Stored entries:

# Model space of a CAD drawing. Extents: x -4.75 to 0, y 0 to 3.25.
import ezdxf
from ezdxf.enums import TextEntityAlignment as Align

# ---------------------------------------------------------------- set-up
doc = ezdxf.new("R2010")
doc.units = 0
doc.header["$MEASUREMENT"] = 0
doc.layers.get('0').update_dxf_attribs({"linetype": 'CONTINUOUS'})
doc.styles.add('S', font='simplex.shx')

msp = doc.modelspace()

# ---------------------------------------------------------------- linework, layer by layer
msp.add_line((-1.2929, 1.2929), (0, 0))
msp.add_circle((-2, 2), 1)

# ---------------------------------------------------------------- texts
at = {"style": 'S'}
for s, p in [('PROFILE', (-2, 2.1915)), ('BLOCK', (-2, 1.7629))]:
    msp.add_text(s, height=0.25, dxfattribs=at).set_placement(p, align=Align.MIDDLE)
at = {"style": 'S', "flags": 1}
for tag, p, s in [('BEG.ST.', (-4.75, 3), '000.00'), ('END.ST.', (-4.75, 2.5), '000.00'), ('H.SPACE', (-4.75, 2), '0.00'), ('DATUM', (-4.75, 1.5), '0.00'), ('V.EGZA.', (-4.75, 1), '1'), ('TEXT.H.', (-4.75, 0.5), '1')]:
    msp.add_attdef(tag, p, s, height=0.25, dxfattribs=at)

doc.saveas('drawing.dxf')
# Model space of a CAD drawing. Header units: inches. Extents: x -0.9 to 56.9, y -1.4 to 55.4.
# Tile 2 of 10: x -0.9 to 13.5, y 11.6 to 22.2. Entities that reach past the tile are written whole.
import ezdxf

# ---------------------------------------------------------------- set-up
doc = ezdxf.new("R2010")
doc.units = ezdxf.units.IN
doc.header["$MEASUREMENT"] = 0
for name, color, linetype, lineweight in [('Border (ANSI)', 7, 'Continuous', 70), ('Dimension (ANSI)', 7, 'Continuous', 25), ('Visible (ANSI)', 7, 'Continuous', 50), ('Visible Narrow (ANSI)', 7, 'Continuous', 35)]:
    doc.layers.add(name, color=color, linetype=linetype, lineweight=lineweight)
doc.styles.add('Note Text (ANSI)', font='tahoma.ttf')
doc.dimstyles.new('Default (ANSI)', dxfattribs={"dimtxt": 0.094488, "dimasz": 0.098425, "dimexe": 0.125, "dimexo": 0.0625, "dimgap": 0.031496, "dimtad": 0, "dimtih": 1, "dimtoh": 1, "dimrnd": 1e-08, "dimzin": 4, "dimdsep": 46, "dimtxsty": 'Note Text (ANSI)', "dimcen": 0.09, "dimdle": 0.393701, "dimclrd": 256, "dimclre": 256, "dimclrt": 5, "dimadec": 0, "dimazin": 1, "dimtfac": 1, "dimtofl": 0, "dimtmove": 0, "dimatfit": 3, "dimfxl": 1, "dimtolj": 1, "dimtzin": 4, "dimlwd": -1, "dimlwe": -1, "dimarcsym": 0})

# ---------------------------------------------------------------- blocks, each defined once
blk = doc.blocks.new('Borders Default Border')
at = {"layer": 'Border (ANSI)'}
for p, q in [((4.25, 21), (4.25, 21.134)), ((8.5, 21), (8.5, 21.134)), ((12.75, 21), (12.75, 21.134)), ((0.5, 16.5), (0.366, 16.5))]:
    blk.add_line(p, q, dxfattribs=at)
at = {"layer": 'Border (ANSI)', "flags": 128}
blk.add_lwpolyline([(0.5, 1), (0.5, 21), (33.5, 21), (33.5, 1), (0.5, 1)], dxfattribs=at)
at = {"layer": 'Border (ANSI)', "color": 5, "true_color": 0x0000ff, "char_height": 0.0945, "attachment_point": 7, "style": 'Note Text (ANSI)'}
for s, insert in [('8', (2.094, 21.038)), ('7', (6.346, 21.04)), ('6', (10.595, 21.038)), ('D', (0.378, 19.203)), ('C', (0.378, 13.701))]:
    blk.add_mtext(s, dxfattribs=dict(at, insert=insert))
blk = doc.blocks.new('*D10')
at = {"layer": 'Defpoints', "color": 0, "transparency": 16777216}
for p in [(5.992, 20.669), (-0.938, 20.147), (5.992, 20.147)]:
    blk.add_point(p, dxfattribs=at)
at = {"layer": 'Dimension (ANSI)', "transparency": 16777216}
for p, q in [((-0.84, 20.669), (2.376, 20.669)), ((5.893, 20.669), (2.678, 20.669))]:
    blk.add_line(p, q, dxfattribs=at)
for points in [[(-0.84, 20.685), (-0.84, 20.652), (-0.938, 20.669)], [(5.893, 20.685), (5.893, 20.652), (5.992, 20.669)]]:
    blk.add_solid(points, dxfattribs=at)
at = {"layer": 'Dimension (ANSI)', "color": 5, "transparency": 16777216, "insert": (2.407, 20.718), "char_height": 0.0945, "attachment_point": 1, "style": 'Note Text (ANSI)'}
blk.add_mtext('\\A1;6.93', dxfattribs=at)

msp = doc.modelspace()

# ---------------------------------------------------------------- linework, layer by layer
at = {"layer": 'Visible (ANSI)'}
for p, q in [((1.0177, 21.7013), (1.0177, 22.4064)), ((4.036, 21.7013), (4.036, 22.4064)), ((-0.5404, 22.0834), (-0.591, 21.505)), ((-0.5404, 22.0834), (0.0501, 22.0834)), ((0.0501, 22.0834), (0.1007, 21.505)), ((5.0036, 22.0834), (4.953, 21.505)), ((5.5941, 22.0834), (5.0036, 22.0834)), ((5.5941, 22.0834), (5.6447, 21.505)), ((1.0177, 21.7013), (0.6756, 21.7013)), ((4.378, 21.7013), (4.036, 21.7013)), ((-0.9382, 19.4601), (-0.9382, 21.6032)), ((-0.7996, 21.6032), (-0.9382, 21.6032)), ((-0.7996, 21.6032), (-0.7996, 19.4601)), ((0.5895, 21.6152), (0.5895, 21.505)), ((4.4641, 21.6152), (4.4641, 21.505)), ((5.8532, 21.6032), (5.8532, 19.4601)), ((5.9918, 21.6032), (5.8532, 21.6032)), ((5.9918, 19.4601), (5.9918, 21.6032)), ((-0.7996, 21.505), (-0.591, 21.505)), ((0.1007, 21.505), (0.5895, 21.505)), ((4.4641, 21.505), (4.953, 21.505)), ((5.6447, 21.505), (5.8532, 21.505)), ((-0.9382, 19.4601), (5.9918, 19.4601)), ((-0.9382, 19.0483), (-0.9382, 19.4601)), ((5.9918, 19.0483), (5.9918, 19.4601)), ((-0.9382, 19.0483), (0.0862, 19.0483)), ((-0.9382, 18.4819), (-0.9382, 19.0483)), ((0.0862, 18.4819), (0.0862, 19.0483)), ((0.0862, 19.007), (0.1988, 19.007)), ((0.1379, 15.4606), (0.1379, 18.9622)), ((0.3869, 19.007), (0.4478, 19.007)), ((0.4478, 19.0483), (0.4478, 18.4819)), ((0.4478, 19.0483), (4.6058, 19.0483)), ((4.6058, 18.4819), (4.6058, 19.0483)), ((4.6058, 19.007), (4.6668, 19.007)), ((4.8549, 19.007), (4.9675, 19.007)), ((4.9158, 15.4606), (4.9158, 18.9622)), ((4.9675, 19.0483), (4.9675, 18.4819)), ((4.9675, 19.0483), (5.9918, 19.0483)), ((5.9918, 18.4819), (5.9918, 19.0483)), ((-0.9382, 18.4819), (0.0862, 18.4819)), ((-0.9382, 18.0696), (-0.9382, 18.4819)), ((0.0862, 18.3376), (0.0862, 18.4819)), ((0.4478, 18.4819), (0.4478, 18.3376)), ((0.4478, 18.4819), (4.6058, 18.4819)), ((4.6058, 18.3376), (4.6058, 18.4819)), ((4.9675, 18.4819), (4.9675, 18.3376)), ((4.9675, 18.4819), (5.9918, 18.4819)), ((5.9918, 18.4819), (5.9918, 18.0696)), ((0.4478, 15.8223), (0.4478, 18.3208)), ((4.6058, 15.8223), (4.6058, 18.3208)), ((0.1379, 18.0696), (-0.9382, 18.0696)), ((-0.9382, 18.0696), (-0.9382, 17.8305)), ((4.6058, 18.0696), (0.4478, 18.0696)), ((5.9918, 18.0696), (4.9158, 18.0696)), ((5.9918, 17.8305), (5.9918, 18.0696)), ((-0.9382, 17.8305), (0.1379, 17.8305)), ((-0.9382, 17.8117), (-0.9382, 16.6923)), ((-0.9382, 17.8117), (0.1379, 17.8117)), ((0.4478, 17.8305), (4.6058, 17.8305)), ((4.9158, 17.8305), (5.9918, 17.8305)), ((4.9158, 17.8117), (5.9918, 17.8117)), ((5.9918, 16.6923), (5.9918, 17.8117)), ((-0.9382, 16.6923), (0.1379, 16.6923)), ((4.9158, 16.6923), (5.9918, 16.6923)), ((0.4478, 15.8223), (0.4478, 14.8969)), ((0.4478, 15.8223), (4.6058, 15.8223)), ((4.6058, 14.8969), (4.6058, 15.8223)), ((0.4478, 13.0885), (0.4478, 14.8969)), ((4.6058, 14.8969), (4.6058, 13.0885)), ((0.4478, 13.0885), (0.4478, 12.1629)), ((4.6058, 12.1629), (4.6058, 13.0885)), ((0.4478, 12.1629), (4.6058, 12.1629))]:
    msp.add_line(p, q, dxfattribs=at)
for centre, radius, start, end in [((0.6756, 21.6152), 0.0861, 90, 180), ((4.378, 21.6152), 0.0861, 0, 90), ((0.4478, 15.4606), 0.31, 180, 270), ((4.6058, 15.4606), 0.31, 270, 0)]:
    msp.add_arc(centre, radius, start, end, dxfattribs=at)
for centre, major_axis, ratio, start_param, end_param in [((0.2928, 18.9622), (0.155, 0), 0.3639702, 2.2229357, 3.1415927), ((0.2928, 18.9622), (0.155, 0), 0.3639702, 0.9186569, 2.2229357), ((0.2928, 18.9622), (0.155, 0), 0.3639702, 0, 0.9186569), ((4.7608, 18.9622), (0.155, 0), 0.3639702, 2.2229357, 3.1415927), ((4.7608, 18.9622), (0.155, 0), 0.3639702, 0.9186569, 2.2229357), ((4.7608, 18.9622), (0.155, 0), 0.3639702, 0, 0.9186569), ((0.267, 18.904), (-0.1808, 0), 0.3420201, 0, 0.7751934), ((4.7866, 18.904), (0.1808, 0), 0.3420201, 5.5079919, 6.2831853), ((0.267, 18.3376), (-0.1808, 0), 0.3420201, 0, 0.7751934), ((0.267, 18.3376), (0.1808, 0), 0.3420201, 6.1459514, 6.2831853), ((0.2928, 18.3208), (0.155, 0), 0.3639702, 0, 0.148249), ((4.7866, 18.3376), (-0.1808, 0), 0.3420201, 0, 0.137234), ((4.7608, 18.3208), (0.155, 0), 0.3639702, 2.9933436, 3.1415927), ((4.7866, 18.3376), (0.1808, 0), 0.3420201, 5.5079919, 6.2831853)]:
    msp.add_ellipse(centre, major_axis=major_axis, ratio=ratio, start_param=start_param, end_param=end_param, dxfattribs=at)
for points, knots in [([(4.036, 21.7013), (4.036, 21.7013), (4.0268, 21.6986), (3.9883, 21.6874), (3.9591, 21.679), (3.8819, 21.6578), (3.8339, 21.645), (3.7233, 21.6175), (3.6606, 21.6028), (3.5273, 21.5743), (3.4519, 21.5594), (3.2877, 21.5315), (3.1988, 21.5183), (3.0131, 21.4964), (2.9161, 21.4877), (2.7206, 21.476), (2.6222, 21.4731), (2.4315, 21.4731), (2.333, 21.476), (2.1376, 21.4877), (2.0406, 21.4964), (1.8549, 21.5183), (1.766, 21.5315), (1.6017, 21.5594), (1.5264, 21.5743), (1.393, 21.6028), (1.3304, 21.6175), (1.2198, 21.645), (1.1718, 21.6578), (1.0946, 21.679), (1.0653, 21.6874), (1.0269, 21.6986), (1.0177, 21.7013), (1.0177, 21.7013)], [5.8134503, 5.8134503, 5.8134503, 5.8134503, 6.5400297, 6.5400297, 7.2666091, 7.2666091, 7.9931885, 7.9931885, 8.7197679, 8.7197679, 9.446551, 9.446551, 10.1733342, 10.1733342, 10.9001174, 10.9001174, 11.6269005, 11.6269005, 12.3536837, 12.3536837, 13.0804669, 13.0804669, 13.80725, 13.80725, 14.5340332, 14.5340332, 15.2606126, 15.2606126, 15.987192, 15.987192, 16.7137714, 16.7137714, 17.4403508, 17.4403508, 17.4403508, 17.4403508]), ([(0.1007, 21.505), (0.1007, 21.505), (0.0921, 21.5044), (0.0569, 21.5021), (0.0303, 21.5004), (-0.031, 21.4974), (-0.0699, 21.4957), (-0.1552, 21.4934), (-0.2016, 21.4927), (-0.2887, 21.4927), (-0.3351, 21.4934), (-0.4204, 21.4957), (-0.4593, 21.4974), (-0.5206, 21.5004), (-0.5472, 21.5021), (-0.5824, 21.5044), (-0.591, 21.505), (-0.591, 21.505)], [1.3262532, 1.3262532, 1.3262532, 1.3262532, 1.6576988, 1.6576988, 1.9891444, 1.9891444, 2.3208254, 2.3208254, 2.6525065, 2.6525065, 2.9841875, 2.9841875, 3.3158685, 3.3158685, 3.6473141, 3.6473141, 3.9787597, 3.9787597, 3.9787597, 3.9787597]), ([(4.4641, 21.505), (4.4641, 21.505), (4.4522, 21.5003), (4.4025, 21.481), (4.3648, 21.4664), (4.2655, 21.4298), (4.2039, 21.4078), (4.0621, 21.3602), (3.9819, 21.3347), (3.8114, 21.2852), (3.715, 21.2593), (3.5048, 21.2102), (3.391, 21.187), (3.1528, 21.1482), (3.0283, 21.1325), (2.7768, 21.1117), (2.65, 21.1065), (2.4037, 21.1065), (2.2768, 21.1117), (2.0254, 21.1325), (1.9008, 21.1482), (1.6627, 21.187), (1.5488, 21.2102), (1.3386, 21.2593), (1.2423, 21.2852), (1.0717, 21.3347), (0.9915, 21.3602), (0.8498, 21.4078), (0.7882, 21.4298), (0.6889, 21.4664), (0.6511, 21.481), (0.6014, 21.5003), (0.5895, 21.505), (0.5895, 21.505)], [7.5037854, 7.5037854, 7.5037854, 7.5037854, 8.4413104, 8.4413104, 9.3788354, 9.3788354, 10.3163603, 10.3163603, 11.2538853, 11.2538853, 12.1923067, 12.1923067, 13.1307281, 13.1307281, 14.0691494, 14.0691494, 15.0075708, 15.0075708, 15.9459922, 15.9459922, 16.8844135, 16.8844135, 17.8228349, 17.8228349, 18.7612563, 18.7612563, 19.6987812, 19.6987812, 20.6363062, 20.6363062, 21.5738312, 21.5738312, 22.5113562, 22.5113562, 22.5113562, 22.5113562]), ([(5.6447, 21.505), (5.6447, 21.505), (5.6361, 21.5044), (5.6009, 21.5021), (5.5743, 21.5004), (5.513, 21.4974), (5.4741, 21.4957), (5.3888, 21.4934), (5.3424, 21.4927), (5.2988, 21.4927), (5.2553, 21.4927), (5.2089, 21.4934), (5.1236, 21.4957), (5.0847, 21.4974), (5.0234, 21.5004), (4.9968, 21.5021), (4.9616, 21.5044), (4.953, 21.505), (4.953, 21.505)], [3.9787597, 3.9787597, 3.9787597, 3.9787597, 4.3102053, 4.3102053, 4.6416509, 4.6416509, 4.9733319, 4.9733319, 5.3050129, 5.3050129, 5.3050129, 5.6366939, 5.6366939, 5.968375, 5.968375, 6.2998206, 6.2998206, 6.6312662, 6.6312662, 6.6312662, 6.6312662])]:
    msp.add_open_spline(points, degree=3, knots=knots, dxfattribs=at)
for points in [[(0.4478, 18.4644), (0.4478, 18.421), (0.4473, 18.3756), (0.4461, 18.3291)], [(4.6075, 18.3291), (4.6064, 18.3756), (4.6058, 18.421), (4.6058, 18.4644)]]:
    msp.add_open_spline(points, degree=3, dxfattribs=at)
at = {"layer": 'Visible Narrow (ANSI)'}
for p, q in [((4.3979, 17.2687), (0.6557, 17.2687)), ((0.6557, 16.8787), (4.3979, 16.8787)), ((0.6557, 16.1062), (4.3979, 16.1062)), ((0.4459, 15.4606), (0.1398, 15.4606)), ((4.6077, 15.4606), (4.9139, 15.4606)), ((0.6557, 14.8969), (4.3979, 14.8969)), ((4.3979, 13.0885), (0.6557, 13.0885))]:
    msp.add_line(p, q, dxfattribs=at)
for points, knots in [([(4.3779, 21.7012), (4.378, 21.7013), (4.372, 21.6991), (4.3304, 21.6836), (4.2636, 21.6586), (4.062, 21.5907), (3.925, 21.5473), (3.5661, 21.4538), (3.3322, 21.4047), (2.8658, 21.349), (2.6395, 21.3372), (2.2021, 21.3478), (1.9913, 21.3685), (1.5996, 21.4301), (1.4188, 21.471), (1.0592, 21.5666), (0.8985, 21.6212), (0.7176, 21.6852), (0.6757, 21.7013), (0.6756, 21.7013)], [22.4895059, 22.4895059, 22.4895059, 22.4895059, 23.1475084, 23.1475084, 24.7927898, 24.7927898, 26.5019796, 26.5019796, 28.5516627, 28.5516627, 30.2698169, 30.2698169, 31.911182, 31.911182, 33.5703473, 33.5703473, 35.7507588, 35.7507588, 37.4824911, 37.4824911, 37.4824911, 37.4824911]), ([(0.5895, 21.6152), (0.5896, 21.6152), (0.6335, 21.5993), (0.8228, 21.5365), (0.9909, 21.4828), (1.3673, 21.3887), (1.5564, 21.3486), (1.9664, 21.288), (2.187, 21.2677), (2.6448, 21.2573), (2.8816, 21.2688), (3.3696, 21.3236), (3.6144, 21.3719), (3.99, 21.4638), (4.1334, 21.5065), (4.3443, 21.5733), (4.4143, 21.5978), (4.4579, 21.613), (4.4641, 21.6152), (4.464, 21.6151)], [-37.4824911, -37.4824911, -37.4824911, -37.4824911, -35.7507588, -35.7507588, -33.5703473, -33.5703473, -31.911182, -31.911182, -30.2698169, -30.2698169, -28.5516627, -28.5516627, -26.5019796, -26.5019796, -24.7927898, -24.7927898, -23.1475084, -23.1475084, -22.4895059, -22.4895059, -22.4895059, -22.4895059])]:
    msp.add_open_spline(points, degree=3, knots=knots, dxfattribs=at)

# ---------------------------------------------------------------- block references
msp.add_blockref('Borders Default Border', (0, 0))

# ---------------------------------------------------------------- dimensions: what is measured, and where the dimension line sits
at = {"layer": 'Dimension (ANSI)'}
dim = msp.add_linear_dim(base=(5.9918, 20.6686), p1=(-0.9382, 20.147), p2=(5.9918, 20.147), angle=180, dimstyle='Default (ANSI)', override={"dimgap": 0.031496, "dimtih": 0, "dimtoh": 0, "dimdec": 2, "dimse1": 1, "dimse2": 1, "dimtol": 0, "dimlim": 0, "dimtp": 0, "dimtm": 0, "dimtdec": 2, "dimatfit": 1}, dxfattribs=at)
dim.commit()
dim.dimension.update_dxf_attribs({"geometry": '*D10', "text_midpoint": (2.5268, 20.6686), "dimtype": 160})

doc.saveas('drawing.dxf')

__WORK TO COMPLETE__:
Reproduce only this range: the first line of the data above through the line with "doc.styles.add('S', font='simplex.shx')", both included, exactly as written.

__RESULT BELOW__:
# Model space of a CAD drawing. Extents: x -4.75 to 0, y 0 to 3.25.
import ezdxf
from ezdxf.enums import TextEntityAlignment as Align

# ---------------------------------------------------------------- set-up
doc = ezdxf.new("R2010")
doc.units = 0
doc.header["$MEASUREMENT"] = 0
doc.layers.get('0').update_dxf_attribs({"linetype": 'CONTINUOUS'})
doc.styles.add('S', font='simplex.shx')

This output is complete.